I always thought that fine tuning is more like getting a style rather than memorizing information word to word or at least the facts. What are the next steps to ensure that it doesn't start pulling info from the base knowledge and reference the docs instead? How long does it usually take to train? 10-15 minutes on what doc size?

lewq · on Feb 8, 2024

Fine tuning is just more training -- so it's definitely possible to teach the model facts this way too.

In practice we've found that it's a bit of a balancing act to teach the model the new knowledge without destroying existing knowledge, but it's just a matter of tuning the parameters carefully. We're also researching whether we can fine-tune a brand new expert in a MoE model like Mixtral, I've also seen work on fine-tuning just a fixed set of weights. I'm sure there will be more developments in this space soon.

In terms of how you refer to new knowledge and not base knowledge, like many things in LLMs, you just ask the LLM :-) For example, if you look at this session https://app.tryhelix.ai/session/62905598-b1b7-4d93-bc39-5a93... and click "Show Info" at the top, you can see the system prompt is:

"You are an intelligent chatbot named Helix that has been fine-tuned on document(s) e1ef2e896c in document group 62905598b1. The document group contains 1 document(s). The user will ask you questions about these documents: you must ONLY answer with context from the documents listed. Do NOT refer to background knowledge."

It does a pretty good job at this, although I'm sure there are ways to improve it further.

Referencing the specific document IDs in the fine-tuning was an innovation that has really helped us.

In terms of training time, yeah - 5 minutes on a news article, 10 minutes on a typical length paper. Pretty usable. We're experimenting with reducing the number of epochs and increasing the learning rate to make it faster at that too.

gbickford · on Feb 8, 2024

Have you tried generating two sets of qapairs, one with bad answers, and using DPO?

lewq · on Feb 8, 2024

Not yet, sounds promising!

aCoreyJ · on Feb 8, 2024

What is the advantage over using Retrieval Augmented Generation ?

mendeza · on Feb 8, 2024

RAG adds context to the users question to reduce hallucination. https://docs.llamaindex.ai/en/stable/getting_started/concept...

aCoreyJ · on Feb 8, 2024

Actually missed this was covered in the post, thanks

aCoreyJ · on Feb 8, 2024

Actually missed this is answered in the article!

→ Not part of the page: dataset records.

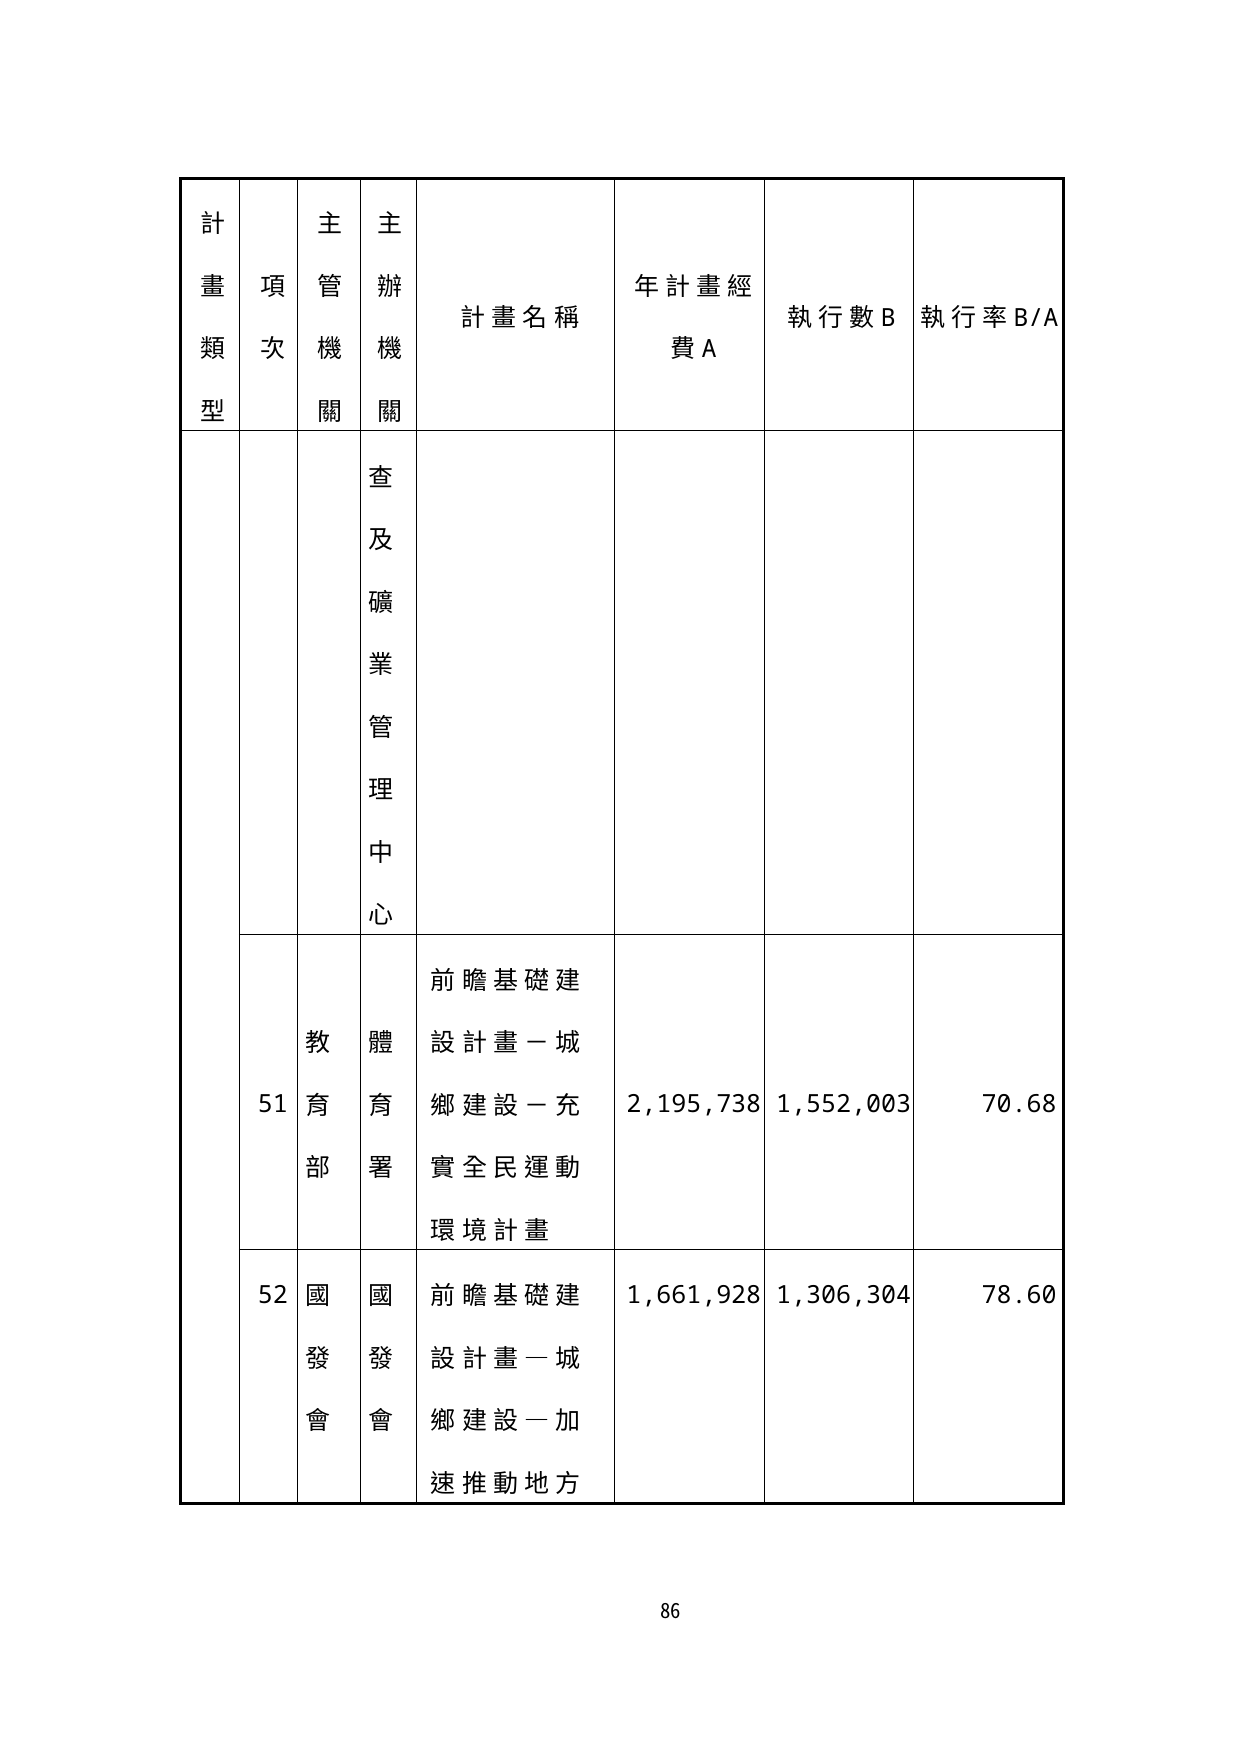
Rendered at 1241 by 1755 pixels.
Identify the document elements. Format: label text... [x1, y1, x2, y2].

table_cell [298, 431, 360, 933]
table_header 計畫類型 [182, 180, 239, 430]
table_cell [615, 431, 764, 933]
table_cell 教育部 [298, 935, 360, 1249]
table_cell 51 [240, 935, 297, 1249]
table_cell 78.60 [914, 1250, 1062, 1502]
table_header 主管機關 [298, 180, 360, 430]
table_cell [240, 431, 297, 933]
table_header 計畫名稱 [417, 180, 614, 430]
table_cell [182, 431, 239, 1502]
table_cell 1,306,304 [765, 1250, 913, 1502]
table_cell 70.68 [914, 935, 1062, 1249]
table_header 年計畫經費A [615, 180, 764, 430]
table_cell 1,552,003 [765, 935, 913, 1249]
table_header 執行數B [765, 180, 913, 430]
table_cell 2,195,738 [615, 935, 764, 1249]
table_cell [914, 431, 1062, 933]
table_cell 前瞻基礎建設計畫－城鄉建設－充實全民運動環境計畫 [417, 935, 614, 1249]
table_cell [765, 431, 913, 933]
table_cell 52 [240, 1250, 297, 1502]
table_cell 國發會 [361, 1250, 416, 1502]
table_cell 前瞻基礎建設計畫—城鄉建設—加速推動地方 [417, 1250, 614, 1502]
table_header 項次 [240, 180, 297, 430]
table_header 執行率B/A [914, 180, 1062, 430]
table_cell [417, 431, 614, 933]
table_cell 查及礦業管理中心 [361, 431, 416, 933]
table_cell 1,661,928 [615, 1250, 764, 1502]
table_header 主辦機關 [361, 180, 416, 430]
table_cell 體育署 [361, 935, 416, 1249]
table_cell 國發會 [298, 1250, 360, 1502]
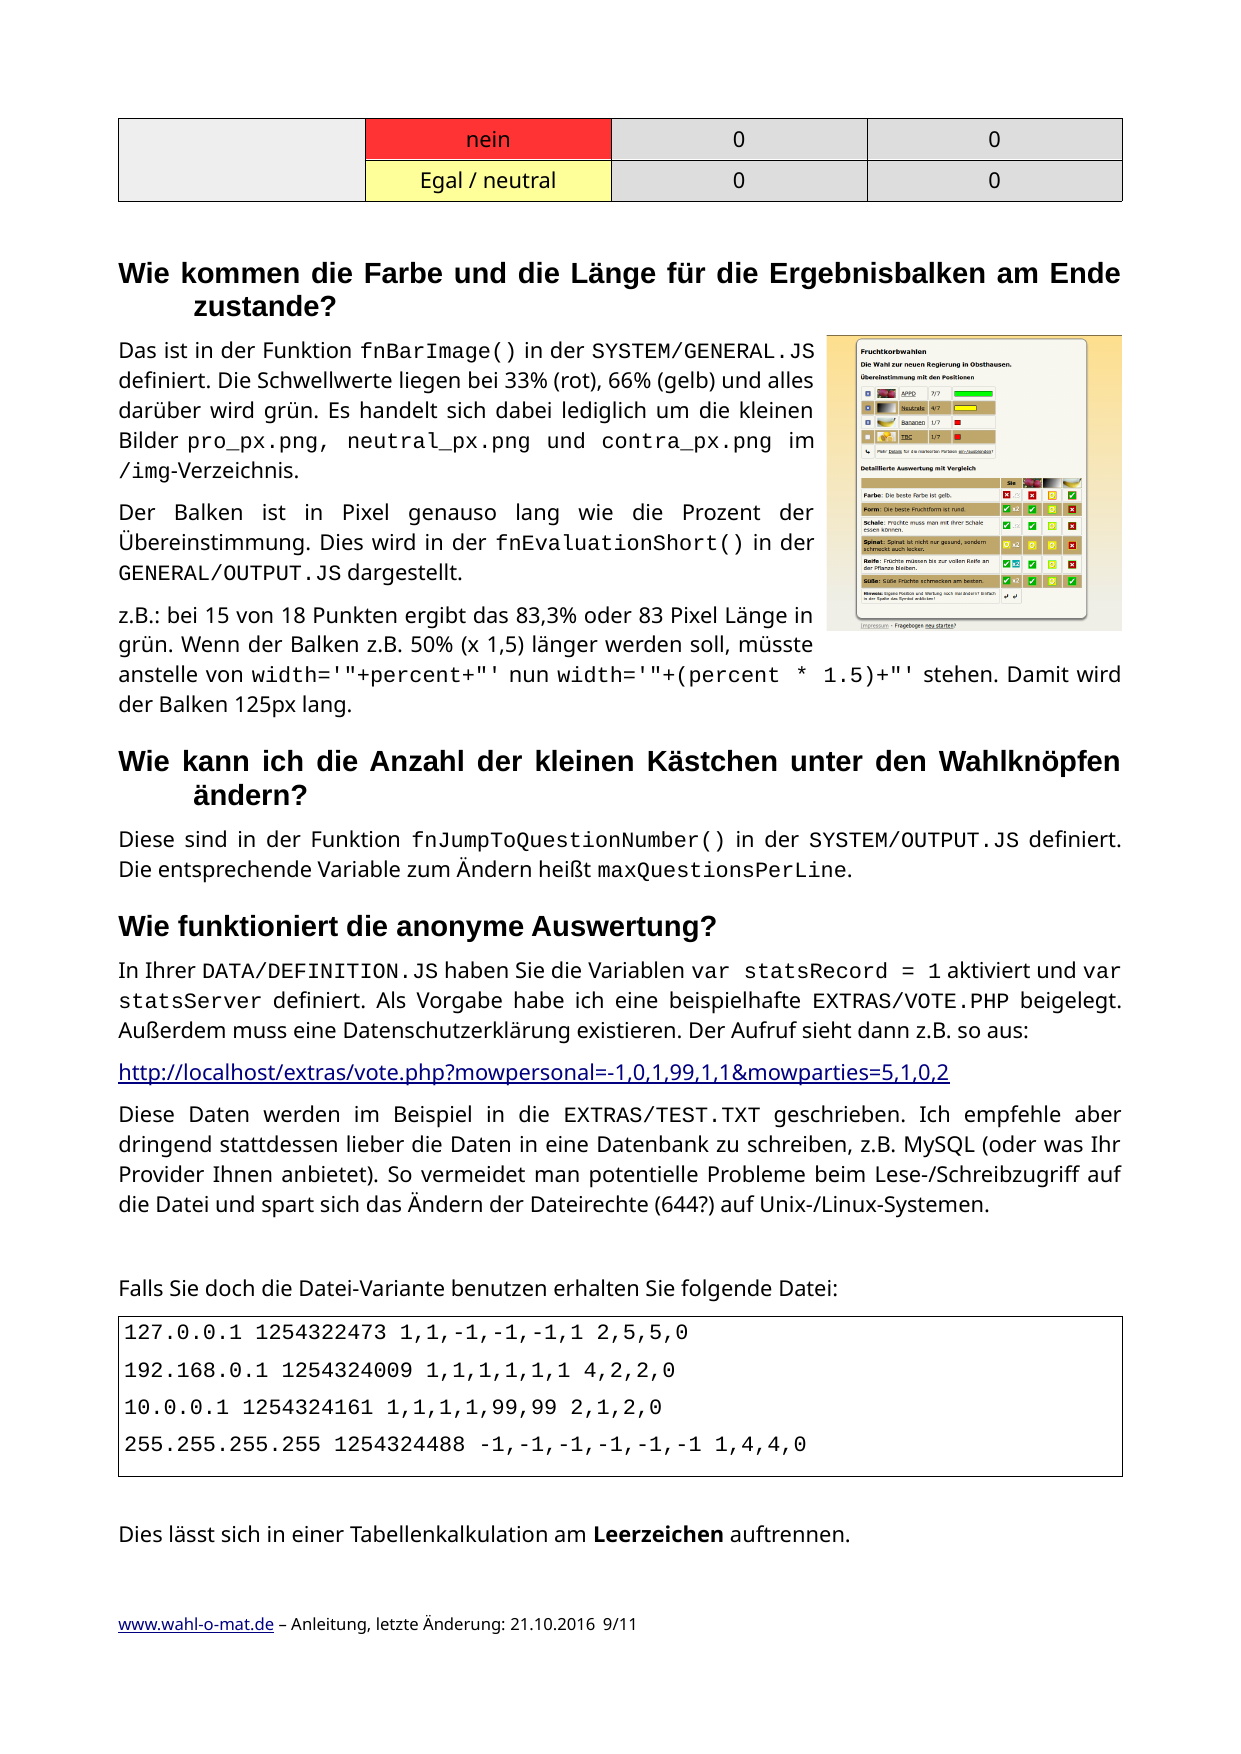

drphilwinder · on Feb 8, 2024

Your sentiment is correct, but it's more of a spectrum. Fine tuning can learn facts (otherwise how would the foundation models learn facts?). But it needs those facts in the training dataset. If you have an infinite amount of facts, then you can memorise all of them.

The challenge arises when it becomes hard to generate that training data. If you just have the raw text and pop that in the context (i.e. RAG), then the LLM can be just as factual without any of that hassle.

Q2: identifiers in the prompt to say "you've been trained on this, only answer questions about this".

Q3: Depends on the size of the training data/docs. For the average PDF, about 30 minutes.

Give it a try!

gpderetta · on Feb 8, 2024

> If you have an infinite amount of facts, then you can memorise all of them

pigeon-hole?

gdiamos · on Feb 8, 2024

Not literally infinite, but Llama2 scale models can handle about 10 trillion tokens.